Durabilité : une priorité croissante, une mise en œuvre en suspens
La durabilité des TI s’installe désormais dans la strate stratégique : 94 % déclarent qu’elle gagne en importance, mais 87 % reconnaissent devoir améliorer leur approche. Cela implique pour l’écosystème tech d’instrumenter des indicateurs techniques — PUE, WUE, facteur de réutilisation de la chaleur, empreinte carbone — dans les datacenters et chez les fournisseurs cloud. L’IA n’est pas énergétiquement gratuite ; 2026 sera l’année pour mesurer et décider : efficacité par watt, par euro et recyclage de la chaleur en déploiements on-prem ou en colocation.

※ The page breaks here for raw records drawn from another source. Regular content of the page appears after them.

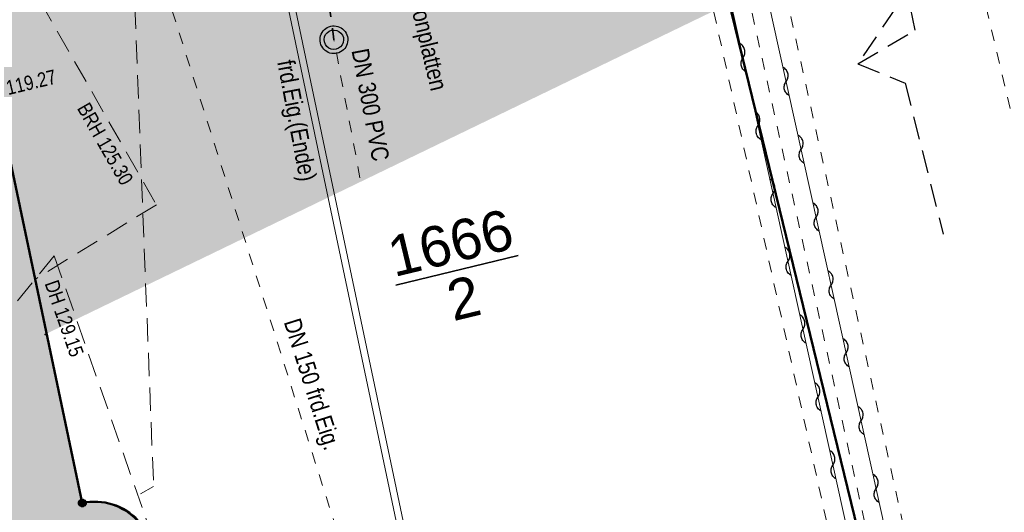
# Model space of a CAD drawing. Header units: metres. Extents: x 311004 to 311786, y 5688269 to 5688759.
# Tile 16 of 96: x 311286 to 311308, y 5688356 to 5688367. Entities that reach past the tile are written whole.
import ezdxf

# ---------------------------------------------------------------- set-up
doc = ezdxf.new("R2010")
doc.units = ezdxf.units.M
for name, pattern in [('1600.2028', [0]), ('2.10', [0.5, 0.25, -0.25]), ('2.51', [0.5, 0.25, -0.25]), ('2.513', [0.75, 0.5, -0.25]), ('2.7', [0]), ('2.8', [0]), ('2.96', [0.75, 0.5, -0.25])]:
    doc.linetypes.add(name, pattern=pattern)
doc.layers.get('0').update_dxf_attribs({"color": 1, "linetype": 'CONTINUOUS'})
for name, color, linetype in [('Dächer', 7, 'CONTINUOUS'), ('Fernwärme', 202, 'CONTINUOUS'), ('Flurstücke_Grenzpunkte', 51, 'CONTINUOUS'), ('Gebäude', 7, 'CONTINUOUS'), ('Gelände', 92, 'CONTINUOUS'), ('Oberflächen', 7, 'CONTINUOUS'), ('RWL', 5, 'CONTINUOUS'), ('Schraffuren', 7, 'CONTINUOUS'), ('Schächte undefiniert', 7, 'CONTINUOUS'), ('Straßenbeleuchtung', 1, 'CONTINUOUS'), ('Stromversorgung', 1, 'CONTINUOUS'), ('TWL', 5, 'CONTINUOUS')]:
    doc.layers.add(name, color=color, linetype=linetype)
doc.styles.add('Geländehöhe', font='Arial Narrow.ttf')
doc.styles.add('K 10 700 - Schrägstrich als Bruchstrich interpretiert', font='Arial.ttf')
doc.styles.add('Oberflächenmaterial', font='Arial Narrow.ttf')

# ---------------------------------------------------------------- blocks, each defined once
blk = doc.blocks.new('S2.16')
at = {"color": 0, "lineweight": -2}
for points in [[(0.433013, -0.25, -0.577350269), (-0.433013, -0.25, -0.577350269), (0, 0.5, -0.577350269)], [(0.303109, -0.175, -0.577350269), (-0.303109, -0.175, -0.577350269), (0, 0.35, -0.577350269)]]:
    blk.add_lwpolyline(points, format="xyb", close=True, dxfattribs=at)
blk = doc.blocks.new('Grenzpunkt_ Abm. nach Quellenlage n. zu spezifizieren')
at = {"lineweight": -2}
blk.add_hatch(color=0, dxfattribs=at).paths.add_polyline_path([(0.165, 0), (0.159378, -0.042705), (0.142894, -0.0825), (0.116673, -0.116673), (0.0825, -0.142894), (0.042705, -0.159378), (0, -0.165), (-0.042705, -0.159378), (-0.0825, -0.142894), (-0.116673, -0.116673), (-0.142894, -0.0825), (-0.159378, -0.042705), (-0.165, 0), (-0.159378, 0.042705), (-0.142894, 0.0825), (-0.116673, 0.116673), (-0.0825, 0.142894), (-0.042705, 0.159378), (0, 0.165), (0.042705, 0.159378), (0.0825, 0.142894), (0.116673, 0.116673), (0.142894, 0.0825), (0.159378, 0.042705)], flags=0)
at = {"color": 0, "lineweight": -2}
blk.add_lwpolyline([(0.142894, -0.0825, -0.577350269), (-0.142894, -0.0825, -0.577350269), (0, 0.165, -0.577350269)], format="xyb", close=True, dxfattribs=at)
blk = doc.blocks.new('O294')
at = {"layer": 'Flurstücke_Grenzpunkte', "color": 7, "linetype": '1600.2028', "lineweight": 50}
blk.add_lwpolyline([(311287.785, 5688356.437), (311284.673, 5688371.21), (311283.885, 5688370.971), (311277.239, 5688382.048), (311232.721, 5688371.374), (311246.763, 5688314.142), (311301.555, 5688326.515), (311298.871, 5688328.698), (311295.731, 5688337.735), (311296.209, 5688339.805), (311291.014, 5688340.982), (311288.293, 5688353.983, 1.009702)], format="xyb", close=True, dxfattribs=at)
blk = doc.blocks.new('O627')
at = {"layer": 'Flurstücke_Grenzpunkte', "color": 8, "linetype": '1600.2028', "lineweight": 50}
blk.add_lwpolyline([(311315.431, 5688375.538), (311347.634, 5688382.203), (311346.265, 5688387.951), (311337.671, 5688385.772), (311317.614, 5688380.96), (311299.459, 5688376.679), (311311.173, 5688328.688), (311326.035, 5688332.186)], close=True, dxfattribs=at)
blk = doc.blocks.new('O649')
at = {"layer": 'Flurstücke_Grenzpunkte', "color": 8, "linetype": '1600.2028', "lineweight": 50}
blk.add_lwpolyline([(311311.173, 5688328.688), (311299.459, 5688376.679), (311293.498, 5688375.291), (311291.001, 5688385.508), (311286.098, 5688384.173)], dxfattribs=at)
at = {"layer": 'Flurstücke_Grenzpunkte', "color": 7, "linetype": '1600.2028', "lineweight": 50}
blk.add_lwpolyline([(311286.098, 5688384.173), (311277.239, 5688382.048), (311283.885, 5688370.971), (311284.673, 5688371.21), (311287.785, 5688356.437, -1.009701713), (311288.293, 5688353.983), (311291.014, 5688340.982)], format="xyb", dxfattribs=at)
at = {"layer": 'Flurstücke_Grenzpunkte', "color": 7, "lineweight": 35, "insert": (311295.881775, 5688361.459704), "char_height": 0.875, "attachment_point": 5, "rotation": 13.4999787, "line_spacing_factor": 0.84, "style": 'K 10 700 - Schrägstrich als Bruchstrich interpretiert'}
blk.add_mtext('\\S1666/2;', dxfattribs=at)
blk = doc.blocks.new('Welle')
at = {"color": 0, "lineweight": -2}
blk.add_lwpolyline([(-0.5, 0), (-0.474045, 0.027768), (-0.445026, 0.052315), (-0.413339, 0.073306), (-0.379418, 0.090455), (-0.343727, 0.103526), (-0.306754, 0.11234), (-0.269004, 0.116778), (-0.230996, 0.116778), (-0.193246, 0.11234), (-0.156273, 0.103526), (-0.120582, 0.090455), (-0.086661, 0.073306), (-0.054974, 0.052315), (-0.025955, 0.027768), (0, 0), (0.025955, -0.027768), (0.054974, -0.052315), (0.086661, -0.073306), (0.120582, -0.090455), (0.156273, -0.103526), (0.193246, -0.11234), (0.230996, -0.116778), (0.269004, -0.116778), (0.306754, -0.11234), (0.343727, -0.103526), (0.379418, -0.090455), (0.413339, -0.073306), (0.445026, -0.052315), (0.474045, -0.027768), (0.5, 0)], dxfattribs=at)

msp = doc.modelspace()

# ---------------------------------------------------------------- hatches: boundary and pattern name
at = {"layer": 'Gebäude', "lineweight": 25, "true_color": 0xa6a6a6}
msp.add_hatch(color=253, dxfattribs=at).paths.add_polyline_path([(311254.447, 5688320.749), (311243.818, 5688321.79), (311241.642, 5688324.978), (311220.655, 5688331.254), (311233.738, 5688352.29), (311233.932, 5688352.21), (311236.193, 5688355.82), (311248.169, 5688357.112), (311251.732, 5688368.193), (311249.128, 5688368.356), (311249.306, 5688369.755), (311254.26, 5688368.693), (311255.203, 5688373.167), (311261.763, 5688373.151), (311261.774, 5688375.851), (311279.893, 5688375.794), (311283.146, 5688370.799), (311284.641, 5688371.18), (311285.93, 5688365.275), (311287.785, 5688356.437, -1.028647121), (311288.293, 5688353.983), (311291.044007, 5688340.819005), (311296.173, 5688339.649), (311292.791, 5688324.979), (311284.09, 5688327.043), (311256.832, 5688315.242)], flags=0)
at = {"layer": 'Schraffuren', "lineweight": 25, "true_color": 0xffe5cc}
msp.add_hatch(color=254, dxfattribs=at).paths.add_polyline_path([(311256.913974, 5688444.873594), (311265.951, 5688447.011), (311268.917, 5688447.701), (311271.646, 5688436.11), (311271.749, 5688436.126), (311275.616766, 5688437.039074), (311276.647, 5688432.675), (311276.805, 5688432.709), (311280.684, 5688415.485), (311283.437, 5688403.824), (311285.624, 5688394.577), (311286.423, 5688391.252), (311287.47, 5688386.799), (311288.844, 5688381.09), (311290.224416, 5688375.089858), (311288.659, 5688379.897), (311288.347, 5688381.361), (311288.174, 5688381.409), (311287.955, 5688381.59), (311286.7, 5688381.326), (311286.84, 5688381.03), (311286.47, 5688380.932), (311286.97, 5688379.214), (311288.441, 5688379.51), (311288.35, 5688379.849), (311288.659, 5688379.897), (311290.224416, 5688375.089858), (311290.249, 5688374.983), (311290.765, 5688375.097), (311292.485, 5688375.414), (311292.898, 5688375.645), (311293.551, 5688375.662), (311293.629, 5688375.257), (311298.189, 5688376.371), (311298.69, 5688376.475), (311303.742, 5688377.709), (311307.41, 5688378.601), (311307.581, 5688378.639), (311310.473, 5688379.342), (311313.374, 5688380.004), (311317.273077, 5688380.917635), (311317.305, 5688380.782), (311317.423453, 5688380.813717), (311318.037, 5688378.457), (311339.750998, 5688383.570008), (311340.291, 5688381.232), (311318.466, 5688376.157), (311314.142, 5688375.108), (311314.481, 5688373.367), (311286.981, 5688360.078), (311285.93, 5688365.275), (311284.641, 5688371.18), (311283.877336, 5688370.985381), (311275.989329, 5688384.077711), (311282.022, 5688385.524), (311270.711, 5688432.852), (311260.371439, 5688430.362362)], flags=0)

# ---------------------------------------------------------------- linework, layer by layer
at = {"layer": 'Dächer', "color": 7, "linetype": '2.513', "lineweight": 18}
for p, q in [((311288.683, 5688373.167, 124.325), (311289.324991, 5688356.793879)), ((311284.641, 5688371.18, 119.256), (311289.385, 5688362.874, 125.297)), ((311289.385, 5688362.874, 125.297), (311286.770241, 5688361.271739)), ((311287.179, 5688361.771, 129.154), (311272.365992, 5688343.67842)), ((311287.179, 5688361.771, 129.154), (311299.743989, 5688325.820876)), ((311289.324991, 5688356.793879), (311289.043998, 5688356.633868))]:
    msp.add_line(p, q, dxfattribs=at)
at = {"layer": 'Fernwärme', "color": 7, "linetype": '2.10', "lineweight": 13}
for p, q in [((311302.227, 5688370.849), (311306.377, 5688352.102)), ((311305.768, 5688351.148), (311301.449, 5688370.661)), ((311305.16, 5688350.194), (311300.671, 5688370.474))]:
    msp.add_line(p, q, dxfattribs=at)
at = {"layer": 'Fernwärme', "lineweight": 18}
for p, q in [((311302.7, 5688366.862), (311301.838, 5688370.755)), ((311302.7, 5688366.862), (311301.838, 5688370.755)), ((311301.925, 5688366.663), (311301.06, 5688370.568)), ((311301.925, 5688366.663), (311301.06, 5688370.568)), ((311306.072, 5688351.624), (311302.7, 5688366.862)), ((311306.072, 5688351.624), (311302.7, 5688366.862)), ((311305.464, 5688350.671), (311301.925, 5688366.663)), ((311305.464, 5688350.671), (311301.925, 5688366.663))]:
    msp.add_line(p, q, dxfattribs=at)
at = {"layer": 'Gebäude', "color": 7, "linetype": '2.7', "lineweight": 25}
msp.add_line((311287.785, 5688356.437), (311285.93, 5688365.275, 119.271), dxfattribs=at)
msp.add_arc((311288.073661, 5688355.217175), 1.253514, 280.077472, 103.3136189, dxfattribs=at)
at = {"layer": 'Gebäude', "color": 7, "true_color": 0xffffff}
msp.add_point((311286.981, 5688360.078), dxfattribs=at)
at = {"layer": 'RWL', "color": 160, "linetype": '2.51', "lineweight": 35, "true_color": 0x3354ff}
msp.add_line((311293.221, 5688366.439), (311292.377, 5688372.711, 119.074), dxfattribs=at)
at = {"layer": 'Schächte undefiniert', "color": 7, "linetype": '2.10', "lineweight": 13}
msp.add_line((311288.821, 5688369.922, 119.188), (311295.833, 5688347.811), dxfattribs=at)
at = {"layer": 'Straßenbeleuchtung', "color": 1, "linetype": '2.96', "lineweight": 25}
for p, q in [((311305.783151, 5688366.642901), (311304.380445, 5688373.175691)), ((311305.355776, 5688367.123703), (311304.541091, 5688365.921709)), ((311304.541091, 5688365.921709), (311305.783151, 5688366.642901)), ((311304.541091, 5688365.921709), (311305.563887, 5688365.501948)), ((311305.563887, 5688365.501948), (311306.387322, 5688362.240014))]:
    msp.add_line(p, q, dxfattribs=at)
at = {"layer": 'Stromversorgung', "color": 3, "linetype": '2.8', "lineweight": 13}
for p, q in [((311291.089, 5688372.56), (311297.202, 5688343.52)), ((311291.255, 5688372.493), (311297.348, 5688343.547))]:
    msp.add_line(p, q, dxfattribs=at)
at = {"layer": 'TWL', "color": 7, "linetype": '2.10', "lineweight": 13}
for p, q in [((311306.851, 5688369.088, 118.872), (311313.944, 5688339.123)), ((311293.784, 5688363.459), (311293.221, 5688366.439))]:
    msp.add_line(p, q, dxfattribs=at)

# ---------------------------------------------------------------- block references
at = {"layer": 'Fernwärme', "color": 34, "true_color": 0x994c00, "xscale": 0.625, "yscale": 0.625}
for p, rotation in [((311302.060888, 5688366.048949), 102.478343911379), ((311302.993117, 5688365.53741), 102.477837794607), ((311302.384994, 5688364.584383), 102.478343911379), ((311303.31721, 5688364.072841), 102.477837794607), ((311302.7091, 5688363.119816), 102.478343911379), ((311303.641303, 5688362.608271), 102.477837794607), ((311303.033206, 5688361.65525), 102.478343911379), ((311303.965396, 5688361.143702), 102.477837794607), ((311303.357312, 5688360.190683), 102.478343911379), ((311304.289489, 5688359.679132), 102.477837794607), ((311303.681418, 5688358.726116), 102.478343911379), ((311304.613582, 5688358.214563), 102.477837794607), ((311304.005524, 5688357.26155), 102.478343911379), ((311304.937675, 5688356.749993), 102.477837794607)]:
    msp.add_blockref('Welle', p, dxfattribs=dict(at, rotation=rotation))
at = {"layer": 'Flurstücke_Grenzpunkte', "color": 7, "true_color": 0xffffff}
for name in ['O627', 'O649', 'O294']:
    msp.add_blockref(name, (0, 0), dxfattribs=at)
at = {"layer": 'Flurstücke_Grenzpunkte', "color": 7, "xscale": 0.5, "yscale": 0.5}
msp.add_blockref('Grenzpunkt_ Abm. nach Quellenlage n. zu spezifizieren', (311287.785, 5688356.437), dxfattribs=at)
at = {"layer": 'RWL', "color": 160, "true_color": 0x3354ff, "xscale": 0.6, "yscale": 0.6, "rotation": 13.499999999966}
msp.add_blockref('S2.16', (311293.221, 5688366.439), dxfattribs=at)

# ---------------------------------------------------------------- texts
at = {"layer": 'Dächer', "color": 7, "lineweight": 18, "char_height": 0.3125, "line_spacing_factor": 0.84, "style": 'Geländehöhe'}
for s, insert, attachment_point, rotation in [('BRH 125.30', (311288.900211, 5688363.422436, 125.297), 3, 299.7330061), ('DH 129.15', (311287.26095, 5688361.280622, 129.154), 1, 289.265132)]:
    msp.add_mtext(s, dxfattribs=dict(at, insert=insert, attachment_point=attachment_point, rotation=rotation))
at = {"layer": 'Flurstücke_Grenzpunkte', "color": 7, "lineweight": 35, "insert": (311295.881775, 5688361.459704), "char_height": 0.875, "attachment_point": 5, "rotation": 13.4999787, "line_spacing_factor": 0.84, "style": 'K 10 700 - Schrägstrich als Bruchstrich interpretiert'}
msp.add_mtext('\\S1666/2;', dxfattribs=at)
at = {"layer": 'Gelände', "color": 7, "lineweight": 18, "insert": (311286.145414, 5688365.391479, 119.273), "char_height": 0.3125, "attachment_point": 4, "rotation": 13.5181837, "line_spacing_factor": 0.84, "style": 'Geländehöhe'}
msp.add_mtext('119.27', dxfattribs=at)
at = {"layer": 'Oberflächen', "color": 7, "lineweight": 18, "char_height": 0.375, "line_spacing_factor": 0.84, "style": 'Oberflächenmaterial'}
for s, insert, attachment_point, rotation in [('Betonplatten', (311294.652261, 5688367.631723), 7, 283.339815), ('DN 300 PVC', (311293.822533, 5688364.997729), 8, 280.6985694), ('frd.Eig.(Ende)', (311292.607529, 5688364.730437), 2, 280.6985694), ('DN 150 frd.Eig.', (311292.469982, 5688358.911844), 8, 287.5952526)]:
    msp.add_mtext(s, dxfattribs=dict(at, insert=insert, attachment_point=attachment_point, rotation=rotation))

doc.saveas('drawing.dxf')

Ce que cela implique pour le stack technologique
1) Architecture de référence pour une IA “opérationnelle”
- Couche de données avec contrats, catalogue et qualité (SLA/SLO)
- Couche de modèles avec feature store, MLOps, model registry, tests automatiques et observation (dérive des données et conceptuelle)
- Couche plateforme : gateways IA, policy engines, guards et chiffrement de bout en bout
- Couche coût : FinOps intégré avec télémétrie IA (coût par prompt, token, inférence, pipeline d’entraînement)
2) La sécurité AI-first.
Zero Trust appliqué aux API de modèles, tokenisation des données sensibles, sécurité de la chaîne logistique IA (modèles, poids, artifacts), détection du prompt injection et protections de sortie (red teaming, content filters).
3) Gouvernance et ROI dès la conception.
Indicateurs clés de performance (KPI) IA regroupant productivité (temps gagné), qualité (taux de corrections), risque (informations d’audit), coût (€/inférence, €/expérience) et adoption (MAU/WAU internes). Sans tableau de bord, le ROI reste invisible.
Recommandations pratiques pour 2026 (approche technique)
- Standardise l’usage de l’IA avec un catalogue d’entreprise (fournisseurs autorisés, guardrails, modèles de prompts) et bloque par défaut le reste.
- Intègre les coûts à l’origine : étiquette par projet, équipe et environnement ; applique politiques d’extinction et réserves ; active des alertes de dépense en temps réel.
- Surveille l’IA comme des microservices : trace des prompts, latence, taux de succès, coût, drift et qualité en sortie selon chaque cas d’usage.
- Consolide le shadow IT avec SSO et découverte continue des SaaS ; crée une change rapide pour « légaliser » les outils utiles et une approche plus progressive pour retirer ceux redondants.
- Évalue la durabilité par charge de travail, pas seulement par le centre de données : PUE/WUE du fournisseur, localisation (mix énergétique), efficacité du modèle et recyclage (recupration de chaleur).
Lectures pour un comité technique
- L’IA deviendra le axe prioritaire de la stratégie — 33 % — mais le vide de ROI persiste — 19 % le priorise : opérer l’IA exige métriques et gouvernance, pas seulement des modèles.
- Les dépenses en IA, SaaS et cloud s’accélèrent (80 %, 73 %) ; la pression budgétaire monte (67 %) : un FinOps avec télémétrie en temps réel devient incontournable.
- La visibilité est essentielle — 85 % la considèrent comme un risque — et le SaaS non autorisé a déjà causé des frictions — 58 % : il faut consolider les plateformes et uniformiser les contrôles.
- La durabilité devient un critère de décision : 94 % la priorisent, 87 % doivent améliorer leur mise en œuvre. En IA, efficacité par watt et par euro prédominent.
Conclusion : 2026, de “tester l’IA” à “gérer l’IA”
Le rapport de Flexera esquisse un avenir 2026 où la technologie et la gestion doivent converger. Intégrer l’IA sans données curées, sans observation et sans FinOps revient à risquer de surcoûts et de vulnérabilités. Le secteur a déjà opté pour l’IA ; il ne reste plus qu’à construire la plateforme — à la fois technique et de gouvernance — capable de la rendre durable, sécurisée et rentable.